The Pope’s Latin American Coup

By Joseph D'Hippolito Published on July 6, 2023

In a recent four-week period, three events showed how Pope Francis holds no respect for Christian doctrine, faith or practice. Even worse, these events reflect the pope’s desire to redefine the Catholic Church in his own image.

First, Francis showed that he rejects Jesus’ command to “make disciples of all nations.” Next, the pope celebrated an artist who created a shockingly blasphemous work. Finally, Francis cracked down on an American bishop who resists LGBTQ activism.
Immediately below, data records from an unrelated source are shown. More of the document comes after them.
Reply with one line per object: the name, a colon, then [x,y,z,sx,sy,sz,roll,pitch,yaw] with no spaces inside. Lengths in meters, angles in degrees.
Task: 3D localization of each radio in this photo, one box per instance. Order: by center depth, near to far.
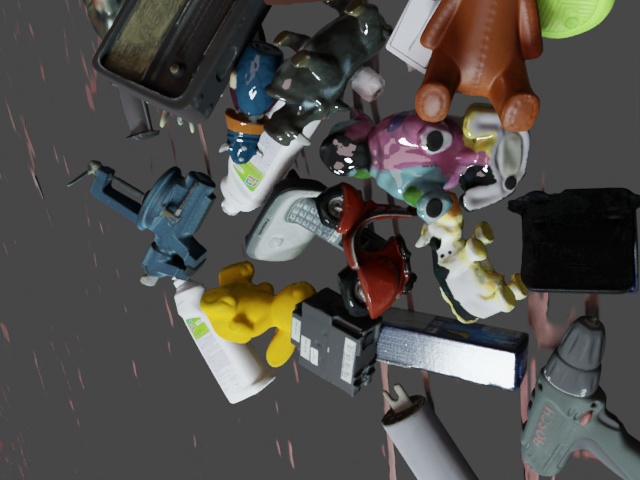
radio: [-0.150,-0.262,0.638,0.131,0.073,0.229,31,93,4]

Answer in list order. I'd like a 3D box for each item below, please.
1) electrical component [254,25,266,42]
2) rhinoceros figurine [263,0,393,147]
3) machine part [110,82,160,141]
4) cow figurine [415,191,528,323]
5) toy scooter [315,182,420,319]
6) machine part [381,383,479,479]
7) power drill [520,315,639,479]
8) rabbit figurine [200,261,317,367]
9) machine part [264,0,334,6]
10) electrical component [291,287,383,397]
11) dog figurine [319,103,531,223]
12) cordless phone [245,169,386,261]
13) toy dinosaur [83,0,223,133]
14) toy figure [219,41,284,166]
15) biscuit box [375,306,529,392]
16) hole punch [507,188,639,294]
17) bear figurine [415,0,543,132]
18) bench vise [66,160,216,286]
electrical component: [-0.110,-0.270,0.729,0.048,0.075,0.119,6,115,30]
rhinoceros figurine: [0.000,-0.195,0.625,0.190,0.112,0.073,-49,50,5]
machine part: [-0.307,-0.235,0.896,0.084,0.039,0.138,4,111,24]
cow figurine: [0.173,0.022,0.673,0.098,0.068,0.167,-35,88,44]
toy scooter: [0.079,0.006,0.698,0.135,0.075,0.183,-16,98,-6]
machine part: [0.167,0.320,0.794,0.079,0.079,0.243,-32,91,38]
power drill: [0.352,0.221,0.629,0.207,0.086,0.231,26,123,18]
rabbit figurine: [-0.082,0.118,0.855,0.173,0.122,0.162,-10,108,17]
machine part: [-0.002,-0.353,0.549,0.201,0.087,0.201,-3,83,6]
electrical component: [0.018,0.137,0.763,0.134,0.058,0.114,26,122,33]
dog figurine: [0.109,-0.110,0.640,0.219,0.191,0.108,-143,41,-58]
cordless phone: [-0.002,-0.002,0.777,0.184,0.089,0.146,32,125,-4]
toy dinosaur: [-0.273,-0.321,0.794,0.405,0.131,0.192,42,126,20]
toy figure: [-0.085,-0.168,0.677,0.064,0.058,0.154,24,123,3]
biscuit box: [0.172,0.144,0.726,0.203,0.059,0.062,8,113,32]
hole punch: [0.286,0.006,0.587,0.142,0.092,0.115,-1,78,36]
bear figurine: [0.160,-0.215,0.484,0.120,0.132,0.195,10,139,4]
bench vise: [-0.290,-0.044,0.902,0.241,0.129,0.223,31,118,-2]

Converts? We Don’t Need No Stinking…

On May 29, during an audience with members of the Barnabite order and its lay supporters, the pope demonstrated his contempt for evangelization by telling a brief story from his days in Argentina. In that story, the future pope met and talked with a wealthy woman who bragged to him about converting two children.

“‘Father, I am happy because I have converted these two,’ ” Francis said. “I was angry, you know, and I said, ‘You haven’t converted anyone, you lack respect for these people: You have not accompanied them, you have proselytized, and this is not evangelizing.’

“She was proud to have converted! Be careful to distinguish apostolic action from proselytism: We do not proselytize. The Lord never proselytized.” (Emphasis in original)

Well, if “the Lord never proselytized,” then how does Francis explain the following?

All authority in Heaven and on Earth has been given to me. Therefore, go and make disciples of all nations, baptizing them in the name of the Father and of the Son and of the Holy Spirit, and teaching them to obey everything I have commanded you. (Matthew 28:18-20)

If “the Lord never proselytized,” then why did John describe Jesus referring to himself as “the way, the truth and the life,” and as the only way to God? (John 14:6)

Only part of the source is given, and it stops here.